Find sum of maximum values per day

I have data that look like this.

 

 

hozeangus_0-1597303821028.png

 


Down is number of minutes that the machine with a particular ID was down, Possible is a number of minutes in a day that that a machine can be up and running. The sum of down minutes for a single machine per day cannot be bigger than the number of Possible minutes (1440 in this case). The number of Possible minutes can vary from day to day. I need to calculate the percentage of total time that a machine (or machines) was (were) down for a particular time period which I will show as a KPI.
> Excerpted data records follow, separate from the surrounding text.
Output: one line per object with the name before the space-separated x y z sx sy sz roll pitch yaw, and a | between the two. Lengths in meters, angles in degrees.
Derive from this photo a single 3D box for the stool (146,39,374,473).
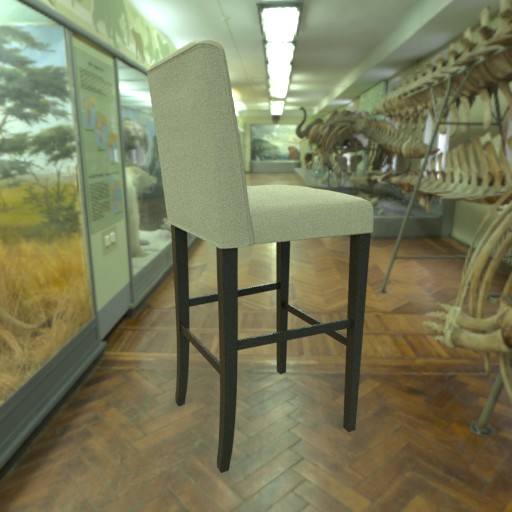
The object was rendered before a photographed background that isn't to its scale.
stool | 0.000 0.000 1.367 0.509 1.116 0.474 -7 16 -27
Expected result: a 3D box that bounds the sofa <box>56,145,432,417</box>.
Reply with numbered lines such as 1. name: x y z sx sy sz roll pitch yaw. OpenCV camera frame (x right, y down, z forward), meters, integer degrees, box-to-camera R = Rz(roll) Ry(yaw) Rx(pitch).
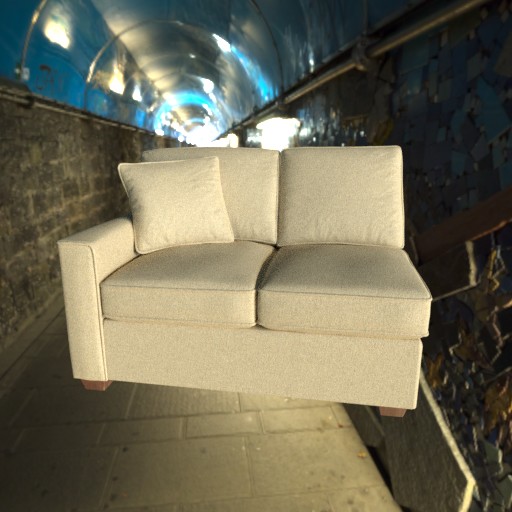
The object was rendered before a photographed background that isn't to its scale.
1. sofa: 0.000 0.000 2.047 1.388 0.989 0.991 2 14 9
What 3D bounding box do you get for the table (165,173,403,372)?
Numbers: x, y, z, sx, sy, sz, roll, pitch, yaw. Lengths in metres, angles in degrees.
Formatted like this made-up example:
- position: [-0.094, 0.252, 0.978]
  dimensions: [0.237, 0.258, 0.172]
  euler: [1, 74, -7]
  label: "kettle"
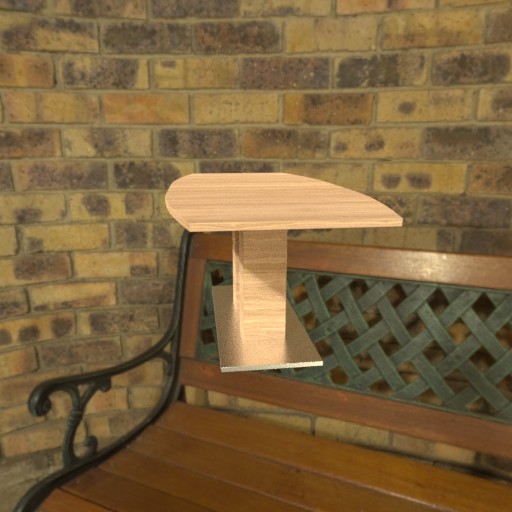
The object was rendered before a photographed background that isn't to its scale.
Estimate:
- position: [0.000, 0.000, 2.425]
  dimensions: [0.900, 0.750, 2.032]
  euler: [-2, 15, -7]
  label: "table"
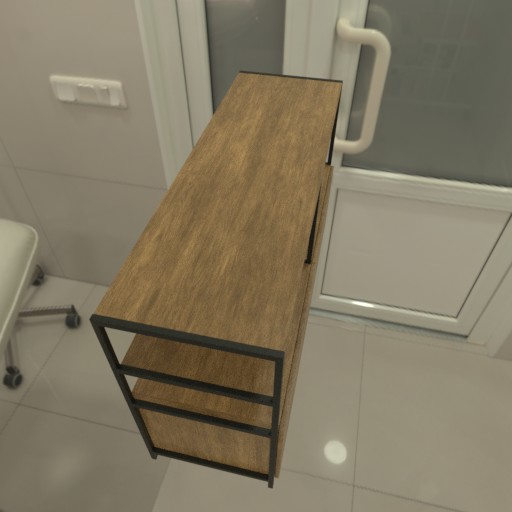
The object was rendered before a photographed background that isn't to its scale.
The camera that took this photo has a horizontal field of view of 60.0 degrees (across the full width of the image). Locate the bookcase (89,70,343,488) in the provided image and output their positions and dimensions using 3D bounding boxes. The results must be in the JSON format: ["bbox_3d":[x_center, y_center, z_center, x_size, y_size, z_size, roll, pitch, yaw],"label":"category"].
[{"bbox_3d":[0.000,0.000,1.457,0.391,0.712,1.149,9,46,9],"label":"bookcase"}]

For example, machine with ID 801 was down for these 7 days for a total of 119 minutes out of 7*1440 (or 1.18%). Out of these 119 down minutes, 114 was for P1 Problem (1.13%), and 5 was for P3 Problem (0.05%)

 

Then I need to create a bar chart broken by Problem.

hozeangus_2-1597258487314.png

 

 

For both 801 and 802, they were down for 352 minutes out of 2*7*1440 which makes 1.75%, and so on...

 

I'm having trouble finding the total number of Possible minutes. I tried to sum the max Possible value for each day and ID, but couldn't make it work, especially when there are two or more machines.

 

1 ACCEPTED SOLUTION
Anonymous
Not applicable

OK, this one should be correct now (but test it well with different selections on your dimensions):

[% Down] =
var __allPossible =
    // For all visible dates and all 
    // visible machines, sum up the
    // possible time.
    CALCULATE(
        SUMX(
            SUMMARIZE(
                Stats,
                Machines[MachineID],
                Dates[Date]
            ),
            CALCULATE(
                SELECTEDVALUE( Stats[Possible] )
            )
        ),
        ALLEXCEPT(
            Stats,
            Machines,
            Dates
        )
    )
var __allDown = SUM( Stats[Down] )
var __result =
    DIVIDE( __allDown, __allPossible )
return
    __result

 

View solution in original post

14 REPLIES 14
mahoneypat
Microsoft Employee
Microsoft Employee

Please try this expression to get your desired results, replacing Downtime with your actual table name.

 

Downtime Pct = AverageX(Downtime, Downtime[Down]/Downtime[Possible])
 

If this works for you, please mark it as the solution.  Kudos are appreciated too.  Please let me know if not.

Regards,

Pat





Did I answer your question? Mark my post as a solution! Kudos are also appreciated!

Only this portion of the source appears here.